BILL ANALYSIS
AB 168
Page 1
Date of Hearing: March 31, 2009
ASSEMBLY COMMITTEE ON JUDICIARY
Mike Feuer, Chair
AB 168 (Nava) - As Amended: March 19, 2009
As Proposed to be Amended
SUBJECT : JUVENILE CASE FILES: CIVIL COMMITMENT PROCEEDINGS
KEY ISSUE : SHOULD CERTAIN STATE OFFICIALS HAVE ACCESS TO
OTHERWISE SEALED JUVENILE CRIME RECORDS IN CIVIL COMMITMENT
PROCEEDINGS UNDER THE SEXUALLY VIOLENT PREDATOR LAW?
FISCAL EFFECT : As currently in print this bill is keyed
fiscal.
SYNOPSIS
Some juvenile crime records may now be sealed by court order
after the passage of time. Records regarding other offenses,
however, cannot be sealed.

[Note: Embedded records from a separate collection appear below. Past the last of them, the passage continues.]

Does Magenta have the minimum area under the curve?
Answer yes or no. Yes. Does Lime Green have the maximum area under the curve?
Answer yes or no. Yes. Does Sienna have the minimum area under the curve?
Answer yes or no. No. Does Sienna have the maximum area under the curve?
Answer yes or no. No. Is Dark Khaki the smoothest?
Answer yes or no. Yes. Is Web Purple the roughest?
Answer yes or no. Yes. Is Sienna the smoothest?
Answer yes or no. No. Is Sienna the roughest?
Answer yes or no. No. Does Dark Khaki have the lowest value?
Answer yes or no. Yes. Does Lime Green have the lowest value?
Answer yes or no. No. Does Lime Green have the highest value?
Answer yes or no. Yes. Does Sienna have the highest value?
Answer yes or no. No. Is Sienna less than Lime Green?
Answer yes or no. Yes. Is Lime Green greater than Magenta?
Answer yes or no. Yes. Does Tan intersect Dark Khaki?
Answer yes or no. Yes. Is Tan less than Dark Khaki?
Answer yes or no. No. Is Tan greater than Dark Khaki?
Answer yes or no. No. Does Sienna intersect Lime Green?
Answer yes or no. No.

Under this bill, the Department of
Corrections and the Department of Mental Health, as well as
district attorneys, would be permitted to obtain and use
previously-sealed records for use in civil commitment
proceedings under the Sexually Violent Predator (SVP) law.
Specifically, the bill would allow access, for the first time,
to sealed juvenile records involving specified sex crimes. This
would effectively reverse a 2007 court decision holding that
such court-sealed records may not be accessed as the law is
currently written. Supporters argue that the records of
offenses that would be made available for inspection under this
bill would be only a slight expansion of the documents currently
available to the relevant agencies for SVP proceedings.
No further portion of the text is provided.